I experimented with using pydantic for configuring the matcher, but this proved to have no real benefits over pex_config, so I settled on the following structure:
- matcher_probabilistic.py: MatchProbabilisticConfig and MatcherProbabilistic (a plain old class). The most generic matching functions with no stack dependencies, only pex_config, so this could be spun off at some point (I don't know if there's a good way now).
- match_probabilistic.py: MatchProbabilisticTask, including all stack dependencies. Also has a single test case in tests/test_match_probabilistic_task.py. Could maybe use more to cover other config options.
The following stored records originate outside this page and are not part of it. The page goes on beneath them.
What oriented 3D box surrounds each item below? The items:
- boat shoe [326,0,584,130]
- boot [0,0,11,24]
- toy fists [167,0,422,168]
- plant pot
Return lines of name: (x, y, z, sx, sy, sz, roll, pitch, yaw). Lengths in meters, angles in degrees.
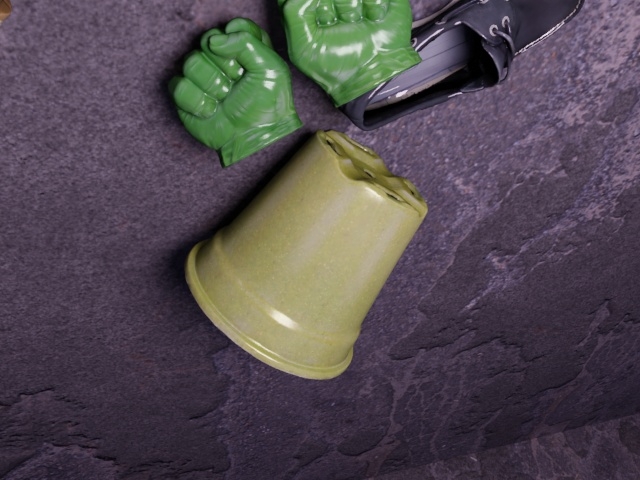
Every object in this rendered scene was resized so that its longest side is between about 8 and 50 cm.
boat shoe: (0.172, -0.224, 0.789, 0.340, 0.113, 0.127, -18, 142, -1)
boot: (-0.418, -0.207, 0.592, 0.165, 0.077, 0.213, -40, 140, 27)
toy fists: (-0.035, -0.196, 0.712, 0.279, 0.096, 0.142, -27, 98, 13)
plant pot: (0.000, 0.000, 0.896, 0.276, 0.276, 0.254, 20, 117, -39)
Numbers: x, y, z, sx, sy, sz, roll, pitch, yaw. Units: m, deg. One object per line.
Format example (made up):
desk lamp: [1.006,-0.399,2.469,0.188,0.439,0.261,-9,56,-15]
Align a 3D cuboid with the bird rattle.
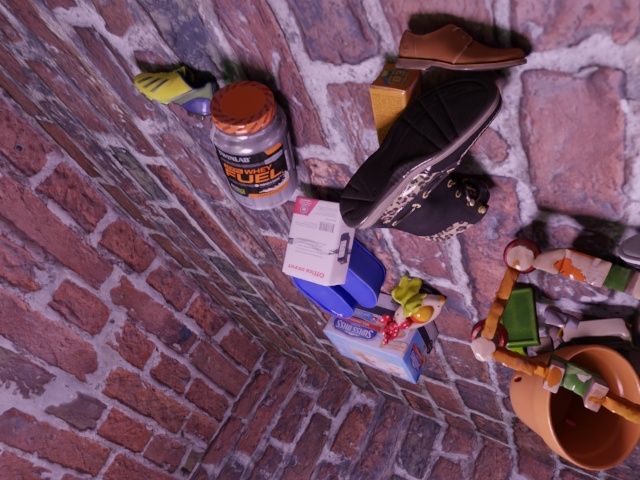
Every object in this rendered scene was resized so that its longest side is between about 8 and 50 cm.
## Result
bird rattle: [0.306,0.249,1.585,0.207,0.143,0.253,2,126,-21]

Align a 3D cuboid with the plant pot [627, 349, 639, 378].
plant pot: [0.885,0.371,1.280,0.109,0.096,0.109,5,144,44]

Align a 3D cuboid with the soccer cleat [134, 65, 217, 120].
soccer cleat: [-0.389,-0.421,1.293,0.289,0.093,0.121,26,124,22]

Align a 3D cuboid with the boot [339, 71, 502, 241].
boot: [0.251,-0.136,0.965,0.284,0.138,0.377,15,129,-40]

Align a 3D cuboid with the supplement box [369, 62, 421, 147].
supplement box: [0.163,-0.242,0.983,0.080,0.078,0.233,17,152,28]

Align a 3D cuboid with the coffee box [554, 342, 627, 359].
coffee box: [0.750,0.342,1.358,0.184,0.113,0.040,-10,105,54]

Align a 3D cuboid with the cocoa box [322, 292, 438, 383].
cocoa box: [0.231,0.352,1.822,0.348,0.227,0.231,14,150,34]

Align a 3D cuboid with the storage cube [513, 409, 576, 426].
storage cube: [0.791,0.532,1.570,0.215,0.193,0.184,43,153,-21]

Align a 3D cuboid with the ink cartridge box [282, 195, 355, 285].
ink cartridge box: [0.000,0.000,1.411,0.172,0.236,0.100,13,-176,34]

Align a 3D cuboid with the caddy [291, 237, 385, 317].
caddy: [0.063,0.103,1.622,0.341,0.179,0.241,42,131,-21]

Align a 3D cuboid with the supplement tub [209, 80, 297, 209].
supplement tub: [-0.169,-0.237,1.228,0.194,0.193,0.315,23,154,18]

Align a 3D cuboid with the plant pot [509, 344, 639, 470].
plant pot: [0.636,0.409,1.231,0.291,0.290,0.203,36,165,-9]

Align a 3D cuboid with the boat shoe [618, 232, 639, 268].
boat shoe: [0.706,0.034,0.841,0.303,0.114,0.091,0,135,50]

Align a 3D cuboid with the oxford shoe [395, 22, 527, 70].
oxford shoe: [0.231,-0.317,0.787,0.213,0.076,0.075,11,110,18]

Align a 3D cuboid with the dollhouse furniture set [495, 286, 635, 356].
dollhouse furniture set: [0.658,0.216,1.289,0.302,0.151,0.198,-12,152,29]

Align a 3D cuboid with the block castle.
block castle: [0.582,0.190,1.025,0.454,0.302,0.213,21,-171,23]
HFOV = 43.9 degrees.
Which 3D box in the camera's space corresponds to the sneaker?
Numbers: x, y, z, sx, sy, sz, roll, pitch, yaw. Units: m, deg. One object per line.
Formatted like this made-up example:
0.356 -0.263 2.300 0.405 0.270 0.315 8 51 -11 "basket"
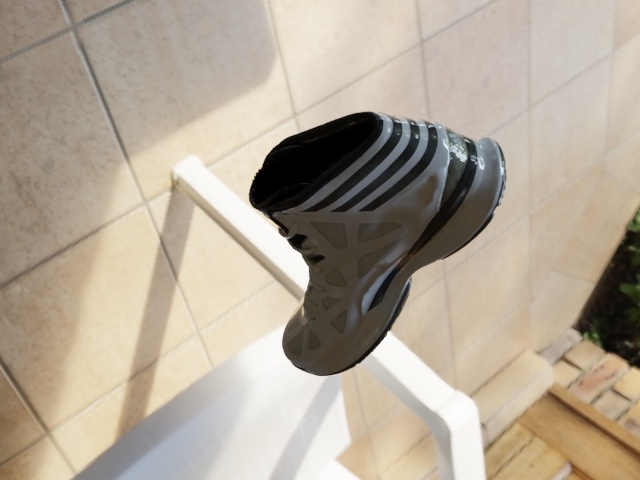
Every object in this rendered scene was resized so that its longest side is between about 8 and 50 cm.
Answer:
0.000 -0.001 1.005 0.257 0.169 0.448 17 132 -24 "sneaker"
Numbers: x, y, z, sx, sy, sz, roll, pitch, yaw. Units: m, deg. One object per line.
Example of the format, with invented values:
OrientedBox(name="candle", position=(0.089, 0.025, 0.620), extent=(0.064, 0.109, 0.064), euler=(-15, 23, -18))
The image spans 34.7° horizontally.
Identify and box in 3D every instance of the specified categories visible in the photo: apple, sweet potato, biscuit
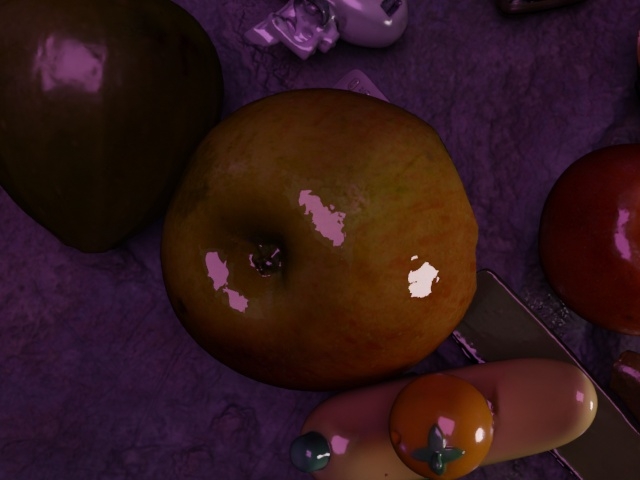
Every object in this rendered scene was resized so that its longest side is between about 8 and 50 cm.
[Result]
OrientedBox(name="apple", position=(0.000, 0.000, 1.091), extent=(0.340, 0.339, 0.339), euler=(-1, 83, 4))
OrientedBox(name="apple", position=(0.351, -0.002, 1.135), extent=(0.218, 0.201, 0.218), euler=(0, 78, -2))
OrientedBox(name="sweet potato", position=(0.418, 0.219, 1.168), extent=(0.077, 0.077, 0.243), euler=(-42, 90, -2))
OrientedBox(name="biscuit", position=(0.266, 0.173, 1.193), extent=(0.099, 0.038, 0.322), euler=(-44, 81, 11))

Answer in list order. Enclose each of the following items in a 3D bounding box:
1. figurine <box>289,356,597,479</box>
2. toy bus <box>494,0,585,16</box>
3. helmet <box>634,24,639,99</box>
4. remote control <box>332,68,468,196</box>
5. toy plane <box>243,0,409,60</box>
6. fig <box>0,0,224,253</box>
OrientedBox(name="figurine", position=(0.131, 0.194, 1.098), extent=(0.324, 0.222, 0.124), euler=(-14, 79, 19))
OrientedBox(name="toy bus", position=(0.249, -0.418, 1.198), extent=(0.139, 0.157, 0.289), euler=(-10, 93, 3))
OrientedBox(name="helmet", position=(0.458, -0.175, 1.182), extent=(0.198, 0.130, 0.224), euler=(-22, 67, -4))
OrientedBox(name="remote control", position=(0.094, -0.108, 1.244), extent=(0.073, 0.044, 0.229), euler=(-45, 74, 17))
OrientedBox(name="toy plane", position=(-0.003, -0.322, 1.236), extent=(0.252, 0.118, 0.252), euler=(5, 69, -13))
OrientedBox(name="fig", position=(-0.257, -0.139, 1.158), extent=(0.316, 0.316, 0.316), euler=(-1, 83, 4))

- match_tract_catalog.py: MatchTractCatalogConfig/Task pipeline task with configurable abstract MatchTractCatalogSubConfig/Task classes, in case someone wants to use/implement another matcher.
- match_tract_catalog_probabilistic.py: MatchTractCatalogProbabilisticConfig/Task classes that inherit from both MatchTractCatalogSubConfig/Task and MatchProbabilisticConfig/Task.
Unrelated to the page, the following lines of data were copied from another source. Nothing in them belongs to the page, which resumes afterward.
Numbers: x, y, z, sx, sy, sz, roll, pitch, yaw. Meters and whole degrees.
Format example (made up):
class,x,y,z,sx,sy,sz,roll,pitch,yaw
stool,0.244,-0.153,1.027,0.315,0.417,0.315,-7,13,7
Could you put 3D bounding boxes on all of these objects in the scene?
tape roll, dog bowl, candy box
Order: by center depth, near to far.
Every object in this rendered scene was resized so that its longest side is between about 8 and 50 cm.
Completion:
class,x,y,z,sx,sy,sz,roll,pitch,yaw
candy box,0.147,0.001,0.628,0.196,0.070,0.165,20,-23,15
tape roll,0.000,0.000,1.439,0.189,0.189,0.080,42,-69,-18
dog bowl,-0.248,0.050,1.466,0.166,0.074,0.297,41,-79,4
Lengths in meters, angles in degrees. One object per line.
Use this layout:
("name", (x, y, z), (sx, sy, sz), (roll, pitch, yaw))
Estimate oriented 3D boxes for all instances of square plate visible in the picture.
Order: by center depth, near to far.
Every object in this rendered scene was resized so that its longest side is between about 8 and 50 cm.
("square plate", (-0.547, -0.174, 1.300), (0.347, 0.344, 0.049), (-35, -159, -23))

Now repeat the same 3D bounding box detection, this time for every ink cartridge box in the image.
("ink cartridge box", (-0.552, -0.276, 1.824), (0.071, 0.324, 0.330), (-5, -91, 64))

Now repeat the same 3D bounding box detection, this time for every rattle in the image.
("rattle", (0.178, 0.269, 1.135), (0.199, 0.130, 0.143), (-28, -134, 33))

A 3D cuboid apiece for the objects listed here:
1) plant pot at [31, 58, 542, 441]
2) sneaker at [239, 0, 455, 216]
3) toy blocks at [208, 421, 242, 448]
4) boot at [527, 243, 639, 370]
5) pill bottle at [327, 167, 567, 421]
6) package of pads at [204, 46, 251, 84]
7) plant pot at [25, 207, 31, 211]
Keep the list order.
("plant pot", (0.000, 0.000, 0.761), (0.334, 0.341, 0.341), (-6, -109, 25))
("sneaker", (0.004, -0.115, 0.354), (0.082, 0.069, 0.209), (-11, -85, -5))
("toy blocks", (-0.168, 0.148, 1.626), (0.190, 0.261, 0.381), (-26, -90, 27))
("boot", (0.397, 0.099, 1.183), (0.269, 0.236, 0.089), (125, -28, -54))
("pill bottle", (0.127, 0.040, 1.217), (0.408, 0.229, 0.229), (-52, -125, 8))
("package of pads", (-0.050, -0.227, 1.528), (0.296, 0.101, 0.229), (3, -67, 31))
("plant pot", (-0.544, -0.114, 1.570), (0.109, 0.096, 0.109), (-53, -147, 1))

I haven't added any tests to pipe_tasks yet; I'm not sure if they're warranted. If I were to do so, I'd probably copypasta from the existing test_matchFakes.py and/or test_parquet.py since that is the intended use.
To verify that this works, I ran:
pipetask --long-log run -b /repo/dc2 --input 2.2i/runs/test-med-1/w_2021_40/
DM-32024,2.2i/truth_summary --output "u/dtaranu/ DM-32034/w_2021_40_match_0.5asec" -d "instrument = 'LSSTCam-imSim' and tract=3828 and skymap='DC2'" -p /project/dtaranu/dc2/match_catalog_pipe/match_tract_catalog_probabilistic.yaml --register-dataset-types
The associated yaml/config is valid for w40 and probably w44/6 and will eventually go into DRP pipelines, either after objectTable_tract generation, or as part of faro (TBD). In principle this could beusedto match against an observed reference catalog, not just a truth catalog (e.g. an HST-derived COSMOS catalog for HSC UDeep), but I haven't implemented using uncertainties in the reference catalog yet. I imagine I'd just add them in quadrature to each target source's errors.
Once the matcher is being run as part of DRP, I'll update the notebook from
DM-31781 to use the generated datasets to make DC2 vs truth plots.